News And Advice

Insights, tips and news for job seekers and employers.

Deciphering a Neutral Reference Check

Performing reference checks is a standard part of the hiring process if you’re a recruiter or an HR professional. And it seems simple enough — call the candidate’s listed references in their application and ask them your questions. But sooner or later, you’ll run into a problem: the neutral reference check.

Read on to find out more about neutral reference checks and what to do about them.

What is a neutral reference check?

A neutral reference check means that the reference you contacted stayed, well… neutral. They didn’t give ecstatic praise for the candidate, but they didn’t disparage them, either. Their feedback on your candidate wasn’t necessarily bad, but it wasn’t good. This leaves you in the lurch — you’ll probably start wondering if your candidate is the ideal fit you thought they were or if the reference was having an “off” day.

Why did your candidate receive a neutral reference check?

It’s important to realize several possible reasons why the reference you called gave a neutral reference check. Keeping these possibilities in mind can help you navigate a neutral reference check when it happens.

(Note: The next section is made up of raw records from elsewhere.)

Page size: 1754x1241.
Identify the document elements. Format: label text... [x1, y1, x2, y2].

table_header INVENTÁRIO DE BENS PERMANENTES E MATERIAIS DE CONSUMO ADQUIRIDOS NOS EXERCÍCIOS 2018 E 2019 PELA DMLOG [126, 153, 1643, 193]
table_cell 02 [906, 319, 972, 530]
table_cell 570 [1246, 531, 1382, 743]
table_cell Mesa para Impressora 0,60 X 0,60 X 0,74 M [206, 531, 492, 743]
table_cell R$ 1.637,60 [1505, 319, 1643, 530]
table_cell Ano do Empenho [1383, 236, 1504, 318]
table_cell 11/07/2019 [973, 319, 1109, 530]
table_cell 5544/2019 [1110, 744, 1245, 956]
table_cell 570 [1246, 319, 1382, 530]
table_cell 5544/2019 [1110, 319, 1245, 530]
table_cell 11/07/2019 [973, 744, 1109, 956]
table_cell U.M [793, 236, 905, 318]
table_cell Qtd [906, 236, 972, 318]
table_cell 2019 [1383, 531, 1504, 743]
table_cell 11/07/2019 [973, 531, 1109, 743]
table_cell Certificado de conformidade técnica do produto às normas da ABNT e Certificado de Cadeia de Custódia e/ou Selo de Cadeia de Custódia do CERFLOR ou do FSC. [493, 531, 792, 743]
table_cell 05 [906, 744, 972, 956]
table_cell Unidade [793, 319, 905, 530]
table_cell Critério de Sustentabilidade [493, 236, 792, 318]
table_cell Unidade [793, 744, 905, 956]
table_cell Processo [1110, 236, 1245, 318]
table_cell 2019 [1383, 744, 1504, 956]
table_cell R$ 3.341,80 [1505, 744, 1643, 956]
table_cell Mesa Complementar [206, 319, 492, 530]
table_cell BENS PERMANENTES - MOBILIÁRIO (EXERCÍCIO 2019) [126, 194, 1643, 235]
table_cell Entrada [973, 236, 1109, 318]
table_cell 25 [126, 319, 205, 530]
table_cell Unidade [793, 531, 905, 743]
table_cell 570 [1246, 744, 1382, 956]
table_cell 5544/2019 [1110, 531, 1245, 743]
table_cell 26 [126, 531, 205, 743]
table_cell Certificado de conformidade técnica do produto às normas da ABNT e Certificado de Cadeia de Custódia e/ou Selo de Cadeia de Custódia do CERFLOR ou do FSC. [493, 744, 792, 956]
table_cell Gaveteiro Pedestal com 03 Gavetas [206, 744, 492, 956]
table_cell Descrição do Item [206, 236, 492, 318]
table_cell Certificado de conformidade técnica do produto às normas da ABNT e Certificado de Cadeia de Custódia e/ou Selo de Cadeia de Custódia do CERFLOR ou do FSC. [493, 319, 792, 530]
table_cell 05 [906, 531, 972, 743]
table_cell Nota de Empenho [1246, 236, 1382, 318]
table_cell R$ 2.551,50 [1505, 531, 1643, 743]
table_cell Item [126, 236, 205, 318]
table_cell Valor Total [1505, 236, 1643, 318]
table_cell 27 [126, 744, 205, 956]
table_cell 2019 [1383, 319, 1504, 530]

First, it’s possible that the reference’s company policy doesn’t allow them to say everything they might like. Perhaps they’re restricted from giving feedback on former employees. This doesn’t reflect poorly on your candidate; it’s just a matter of policy.

It’s also possible that the reference is reluctant to speak negatively about the candidate, even if they have negative things they could say. References might feel like they should always be polite. Another possibility is that the reference didn’t really know the candidate very well, and they simply don’t have any profound insights.

How can you make the most of a neutral reference check?

Whatever the reason for a neutral reference check, how can you make the most of it when it happens? The first tip is to ask specific questions that the reference can’t answer vaguely. For example: “Would you hire this person again?” You can also address the neutrality outright and ask the candidate if there’s a particular reason they’re not giving specifics. And remember: if every other reference you’ve talked to gives glowing recommendations and one does not, they’re the outlier.